Ex-capitão do Bope critica Pezão e afirma: “não vai resolver em dez meses um cenário de décadas”

  • Por Jovem Pan
  • 17/02/2018 14h36 - Atualizado em 17/02/2018 14h38
FÁBIO MOTTA/ESTADÃO CONTEÚDORio de Janeiro já tem a presença de tropas do exército nas ruas da cidade

O ex-capitão do Bope Paulo Storani afirmou, em entrevista exclusiva à Jovem Pan, que a intervenção no Rio de Janeiro é, na verdade, uma intercessão do governador do Estado, Luiz Fernando Pezão, e não da segurança pública. De acordo com ele, a ação ocorre devido à “incapacidade e incompetência já demonstrada”.

Storani disse ainda que não acredita que a intervenção federal vai surtir efeito na segurança do Rio de Janeiro. De acordo com ele, “não vai resolver em dez meses um cenário construído ao longo de décadas”.

“Nós temos uma legislação permissiva, voltada para proteger bandidos e fazer com que ele continue sendo bandidos. Pode chegar, depois de dez meses de intervenção, à conclusão que vários foram presos e colocados em liberdade para responder pelo crime para o qual foram presos e que sequer retornaram para dar continuidade ao processo”, afirmou o ex-capitão do Bope.

Storani defendeu ações sociais para resolver, em longo prazo, o problema da criminalidade do Rio de Janeiro.

“Não pode se limitar a ação de polícia. Tem que ser acompanhado de ações pra atender àquela população local, que são as famosas ações sociais, pelo menos pra intervir esse círculo vicioso que alimenta o crime no Rio de Janeiro. É o jovem ter o crime como opção, não ter outra oportunidade. É a falta de tratamento ou criação de oportunidade não só pro jovem, mas para aquelas pessoas que estão desempregadas nas comunidades. É a gente pensar em outras formas de agir e não em contenção policial, que é o que tem sido feito nos últimos 30 anos e estamos agora provando que não é a solução”, explicou.

Carnaval

O Rio de Janeiro registrou diversas ocorrências de assalto, roubos, furtos, entre outros crimes durante as festas de carnaval na cidade. De acordo com o ex-capitão do Bope, Pezão foi informado de uma ação que poderia ter reduzido os casos de violência, mas não considerou a ação.
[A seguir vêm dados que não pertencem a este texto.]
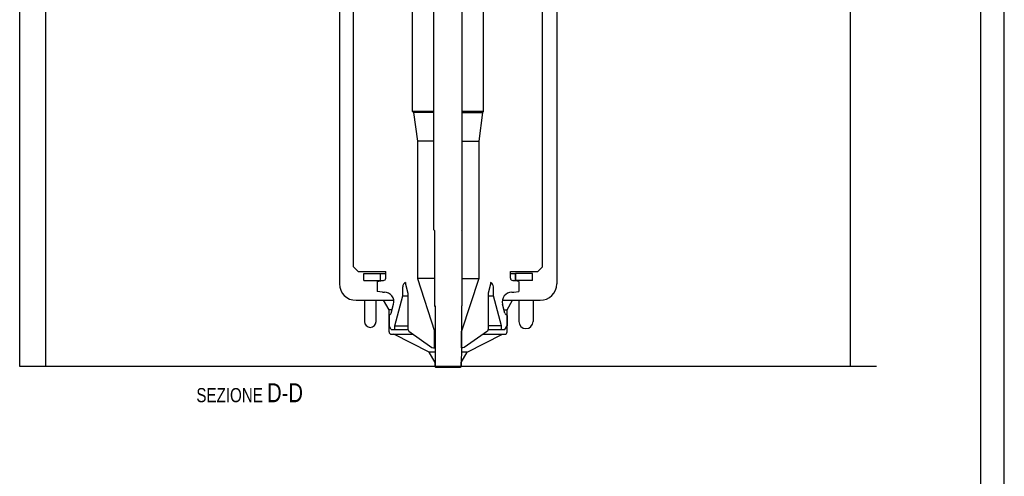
# Model space of a CAD drawing. Extents: x 0 to 1189, y 0 to 841.
# Tile 72 of 76: x 980 to 1189, y 420 to 517. Entities that reach past the tile are written whole.
import ezdxf

# ---------------------------------------------------------------- set-up
doc = ezdxf.new("R2010")
doc.units = 0
doc.header["$LTSCALE"] = 65.395
doc.layers.get('0').update_dxf_attribs({"linetype": 'CONTINUOUS'})
doc.layers.add('MG46096_3_G_55_R000_JG_BL12', color=7, linetype='CONTINUOUS')
doc.layers.add('MG46_3_PPU_WEB_BL11', color=7, linetype='CONTINUOUS')
doc.styles.get("Standard").update_dxf_attribs({"font": 'txt', "width": 0.8})

# ---------------------------------------------------------------- blocks, each defined once
blk = doc.blocks.new('A0_BL15', base_point=(594.5, 420.5))
at = {"color": 7, "linetype": 'CONTINUOUS'}
for p, q in [((1189, 0), (1189, 841)), ((1184, 5), (1184, 836))]:
    blk.add_line(p, q, dxfattribs=at)
blk = doc.blocks.new('MG46_3_PPU_WEB_BL11', base_point=(604.15, 524.71))
at = {"layer": 'MG46_3_PPU_WEB_BL11', "color": 7, "linetype": 'CONTINUOUS'}
for p, q in [((980.48, 443.15), (980.48, 539.15)), ((986, 443.15), (986, 539.15)), ((1156.41, 443.15), (1156.41, 539.15)), ((1048.2, 519.15), (1048.2, 460.65)), ((1094.2, 519.15), (1094.2, 460.65)), ((1051.7, 457.15), (1059.71, 457.15)), ((1053.49, 457.15), (1053.49, 452.65)), ((1055.96, 452.65), (1055.96, 457.15)), ((1058.7, 455.15), (1057.55, 457.15)), ((1082.7, 457.15), (1090.7, 457.15)), ((1083.7, 455.15), (1084.86, 457.15)), ((1086.2, 457.15), (1086.2, 452.65)), ((1089.2, 457.15), (1089.2, 452.65)), ((1059.34, 455.15), (1058.7, 455.15)), ((1058.7, 450.45), (1058.7, 455.15)), ((1083.06, 455.15), (1083.7, 455.15)), ((1083.7, 450.45), (1083.7, 455.15)), ((1059.2, 449.95), (1063.82, 449.95)), ((1067.19, 446.14), (1059.7, 449.95)), ((1075.21, 446.14), (1082.7, 449.95)), ((1078.59, 449.95), (1083.2, 449.95)), ((1068.48, 446.14), (1067.19, 446.14)), ((1068.45, 443.95), (1067.19, 446.14)), ((1073.95, 443.95), (1075.21, 446.14)), ((1075.21, 446.14), (1074.05, 446.14)), ((1068.45, 443.15), (980.48, 443.15)), ((1068.45, 443.15), (1068.45, 443.95)), ((1073.95, 443.15), (1073.95, 443.95)), ((1156.41, 443.15), (1073.95, 443.15))]:
    blk.add_line(p, q, dxfattribs=at)
for centre, radius, start, end in [((1051.7, 460.65), 3.5, 180, 270), ((1090.7, 460.65), 3.5, 270, 360), ((1054.72, 452.65), 1.23, 180, 360), ((1087.7, 452.65), 1.5, 180, 360), ((1059.2, 450.45), 0.5, 180, 270), ((1083.2, 450.45), 0.5, 270, 360)]:
    blk.add_arc(centre, radius, start, end, dxfattribs=at)
blk = doc.blocks.new('MG46096_3_G_55_R000_JG_BL12', base_point=(605.63, 511.41))
at = {"layer": 'MG46096_3_G_55_R000_JG_BL12', "color": 7, "linetype": 'CONTINUOUS'}
for p, q in [((1068.2, 472.05), (1068.2, 588.15)), ((1074.2, 472.05), (1074.2, 588.15)), ((1063.7, 497.15), (1063.7, 531.9)), ((1078.7, 497.15), (1078.7, 531.9)), ((1051.2, 464.25), (1051.2, 523.9)), ((1091.2, 464.25), (1091.2, 523.9)), ((1068.2, 497.15), (1063.7, 497.15)), ((1063.7, 497.15), (1063.9, 496.95)), ((1068.2, 496.95), (1063.9, 496.95)), ((1063.9, 496.95), (1064.7, 490.88)), ((1078.7, 497.15), (1074.2, 497.15)), ((1074.2, 496.95), (1078.5, 496.95)), ((1078.5, 496.95), (1077.7, 490.88)), ((1078.7, 497.15), (1078.5, 496.95)), ((1068.2, 490.88), (1064.7, 490.88)), ((1064.7, 490.88), (1064.7, 461.79)), ((1074.2, 490.88), (1077.7, 490.88)), ((1077.7, 490.88), (1077.7, 461.79)), ((1068.3, 471.95), (1068.2, 472.05)), ((1068.3, 471.95), (1068.3, 455.95)), ((1074.1, 471.95), (1074.2, 472.05)), ((1074.1, 471.95), (1074.1, 455.95)), ((1051.2, 464.25), (1052.2, 463.25)), ((1052.2, 463.25), (1058, 463.25)), ((1058, 461.85), (1058, 463.25)), ((1084.4, 463.25), (1090.2, 463.25)), ((1084.4, 461.85), (1084.4, 463.25)), ((1091.2, 464.25), (1090.2, 463.25)), ((1053.35, 462.85), (1058, 462.85)), ((1053.35, 461.35), (1053.35, 462.85)), ((1053.35, 461.35), (1057.22, 461.35)), ((1056.2, 461.16), (1057.3, 461.35)), ((1056.2, 461.16), (1056.2, 459.05)), ((1056.9, 461.35), (1056.9, 462.85)), ((1057.3, 461.35), (1057.5, 461.35)), ((1062.2, 460.95), (1062.2, 460.55)), ((1068.3, 461.79), (1064.7, 461.79)), ((1064.7, 461.79), (1068.33, 450.63)), ((1077.7, 461.79), (1074.08, 450.63)), ((1074.1, 461.79), (1077.7, 461.79)), ((1080.2, 460.95), (1080.2, 460.55)), ((1084.4, 462.85), (1085.5, 462.85)), ((1084.9, 461.35), (1085.1, 461.35)), ((1086.2, 461.16), (1085.1, 461.35)), ((1085.18, 461.35), (1085.5, 461.35)), ((1085.41, 462.85), (1085.41, 461.35)), ((1089.05, 462.85), (1085.5, 462.85)), ((1085.5, 462.85), (1085.5, 461.35)), ((1085.5, 461.35), (1085.5, 462.85)), ((1089.05, 461.35), (1085.5, 461.35)), ((1086.2, 461.16), (1086.2, 459.05)), ((1089.05, 461.35), (1089.05, 462.85)), ((1057.3, 458.85), (1056.2, 459.05)), ((1057.3, 458.85), (1057.73, 458.85)), ((1061.6, 458.1), (1061.6, 460.03)), ((1062.2, 460.55), (1062.7, 458.69)), ((1080.2, 460.55), (1079.7, 458.69)), ((1080.8, 458.1), (1080.8, 460.03)), ((1084.68, 458.85), (1085.1, 458.85)), ((1085.1, 458.85), (1086.2, 459.05)), ((1059.9, 451.75), (1061.6, 458.1)), ((1061.6, 458.1), (1062.7, 458.1)), ((1062.7, 458.69), (1062.7, 451.05)), ((1079.7, 458.69), (1079.7, 451.05)), ((1079.7, 458.1), (1080.8, 458.1)), ((1082.5, 451.75), (1080.8, 458.1)), ((1059.15, 454.42), (1059.66, 456.34)), ((1068.3, 455.95), (1068.35, 455.9)), ((1068.48, 455.95), (1068.35, 455.95)), ((1068.35, 455.95), (1068.35, 455.9)), ((1068.35, 455.9), (1068.48, 455.9)), ((1068.48, 455.95), (1068.48, 443.03)), ((1074.1, 455.95), (1074.05, 455.9)), ((1074.05, 455.9), (1074.05, 445.43)), ((1083.26, 454.42), (1082.75, 456.34)), ((1058.7, 453.95), (1058.97, 454.15)), ((1058.7, 453.95), (1058.7, 451.75)), ((1083.7, 453.95), (1083.44, 454.15)), ((1083.7, 453.95), (1083.7, 451.75)), ((1059.16, 450.95), (1058.7, 451.75)), ((1059.16, 450.95), (1062.74, 450.95)), ((1059.9, 451.75), (1062.7, 451.75)), ((1059.9, 450.95), (1059.9, 451.75)), ((1062.7, 451.05), (1062.89, 450.61)), ((1062.89, 450.61), (1067.8, 447.16)), ((1068.33, 450.63), (1068.48, 450.63)), ((1068.33, 447.05), (1068.33, 450.63)), ((1074.05, 450.63), (1074.08, 450.63)), ((1074.08, 447.05), (1074.08, 450.63)), ((1079.52, 450.61), (1074.6, 447.16)), ((1079.7, 451.05), (1079.52, 450.61)), ((1079.66, 450.95), (1083.24, 450.95)), ((1082.5, 451.75), (1079.7, 451.75)), ((1082.5, 450.95), (1082.5, 451.75)), ((1083.24, 450.95), (1083.7, 451.75)), ((1067.8, 447.16), (1068.15, 447.05)), ((1068.15, 447.05), (1068.48, 447.05)), ((1074.05, 447.05), (1074.25, 447.05)), ((1074.6, 447.16), (1074.25, 447.05)), ((1074.05, 445.43), (1073.95, 445.15)), ((1073.95, 445.15), (1073.95, 443.05)), ((1068.48, 443.03), (1068.55, 442.95)), ((1068.55, 442.95), (1073.85, 442.95)), ((1073.95, 443.05), (1073.85, 442.95))]:
    blk.add_line(p, q, dxfattribs=at)
for centre, radius, start, end in [((1057.5, 461.85), 0.5, 270, 360), ((1062.6, 460.03), 1, 113.5782, 180), ((1079.8, 460.03), 1, 0, 66.4218), ((1084.9, 461.85), 0.5, 180, 270), ((1057.73, 456.85), 2, 345, 90), ((1084.68, 456.85), 2, 90, 195), ((1058.66, 454.55), 0.5, 307, 345), ((1083.74, 454.55), 0.5, 195, 233)]:
    blk.add_arc(centre, radius, start, end, dxfattribs=at)

msp = doc.modelspace()

# ---------------------------------------------------------------- linework, layer by layer
at = {"color": 7, "linetype": 'CONTINUOUS'}
for p, q in [((1189, 0), (1189, 841)), ((1161.925, 443.154), (980.48, 443.154))]:
    msp.add_line(p, q, dxfattribs=at)

# ---------------------------------------------------------------- block references
at = {"color": 2, "linetype": 'CONTINUOUS'}
msp.add_blockref('A0_BL15', (594.5, 420.5), dxfattribs=at)
at = {"layer": 'MG46096_3_G_55_R000_JG_BL12'}
msp.add_blockref('MG46096_3_G_55_R000_JG_BL12', (605.627, 511.409), dxfattribs=at)
at = {"layer": 'MG46_3_PPU_WEB_BL11'}
msp.add_blockref('MG46_3_PPU_WEB_BL11', (604.153, 524.706), dxfattribs=at)

# ---------------------------------------------------------------- texts
at = {"color": 2, "linetype": 'CONTINUOUS', "insert": (1040.471, 439.55), "char_height": 3, "width": 42.14286, "attachment_point": 3}
msp.add_mtext('SEZIONE \\H4.0;D-D', dxfattribs=at)

doc.saveas('drawing.dxf')

“Antes do carnaval, houve uma reunião com a cúpula da segurança pública e o governador, e uma recomendação de desmobilização de boa parte das UPPs e redistribuição dos efetivos das UPPs para os batalhões da Polícia Militar, inclusive, para reforçar a atividade rotineira, que é o policiamento ostensivo, é o policial na rua, inclusive se preparando para o carnaval. Foi negado pelo governador do Estado”, revelou Storani.

Durante o feriado, Pezão e Crivella, prefeito do Rio de Janeiro, viajaram. O governador estava em outra cidade do estado, já o segundo, estava na Europa buscando “soluções tecnológicas” para a segurança. Após o carnaval, Pezão admitiu que o Rio não estava preparado para receber o carnaval no que diz respeito à segurança.